As used herein, "endocrine cell" or "pancreatic endocrine cell" refers herein to "NKX 6.1 and C-peptide co-expressing cell" or "NKX 2.2 and NKX6.1 co-expressing cell", or an endocrine cell selected from 3 days before the onset of C-peptide expression until 7 days after the onset. Advantageously, the endocrine cells described herein are obtained from 2 days before the onset of C-peptide expression until 5 days after the onset, or from 1 day before the onset of C-peptide expression until 2 days after the onset.
As used herein, "NKX 6.1 and C-peptide co-expressing cells or cell aggregates" refers to glucose-responsive insulin-secreting endocrine cells, or to endocrine cells that have been activated for C-peptide expression for up to 7 days, up to 6 days, up to 5 days, up to 4 days, up to 3 days, or up to 2 days, preferably up to 2 days.
"glucose-responsive insulin-secreting cells" or "cells co-expressing NKX6.1 and C-peptide" refer to cells located within a small cell cluster in the pancreas or an aggregation of cells known as islets of langerhans β cells respond to high blood glucose levels by secreting the peptide hormone insulin, which acts on other tissues to facilitate the uptake of glucose from the blood, e.g., in the liver, where it facilitates energy storage by glycogen synthesis.
As used herein, "NKX 6.1 and C-peptide co-expressing cells or cell aggregates" refers to glucose-responsive insulin-secreting endocrine cells, or to endocrine cells that have been activated for C-peptide expression for up to 7 days, up to 6 days, up to 5 days, up to 4 days, up to 3 days, or up to 2 days, preferably up to 2 days.
In one aspect, a cell population comprising cells co-expressing NKX6.1 and C-peptide or NKX2.2 and NKX6.1 is obtained from a population of autologous cells.
On the other hand, somatic cell populations have been induced to dedifferentiate into embryonic-like stem (ES, e.g., pluripotent) cells.
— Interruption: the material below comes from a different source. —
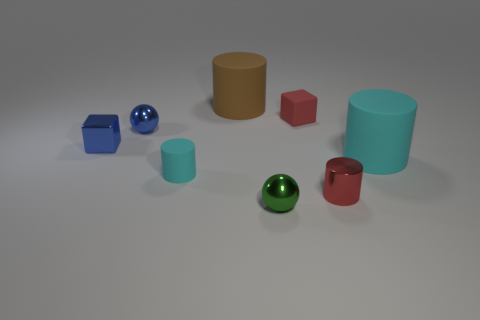Is the number of small cylinders behind the small red metal cylinder greater than the number of gray metallic balls? Yes, there are more small cylinders behind the small red metal cylinder than there are gray metallic balls. Specifically, we can see two small cylinders positioned behind the red one, while there is only one gray metallic ball present in the image.

Such dedifferentiated cells are also known as induced pluripotent stem cells (ipscs).
In one embodiment, the cell aggregates are dissociated with an enzymatic or non-enzymatic reagent.
As used herein, "enzyme" refers to an enzyme suitable for dissociating endocrine cell aggregates derived from stem cells in vitro.
In a preferred embodiment, the enzyme or enzyme mixture is selected from the group consisting of proteases, protease mixtures, trypsin, collagenase and elastase or mixtures thereof. Preferably, the enzymes of the present process are selected from enzyme mixtures; preferably, the enzyme mixture is Accutase.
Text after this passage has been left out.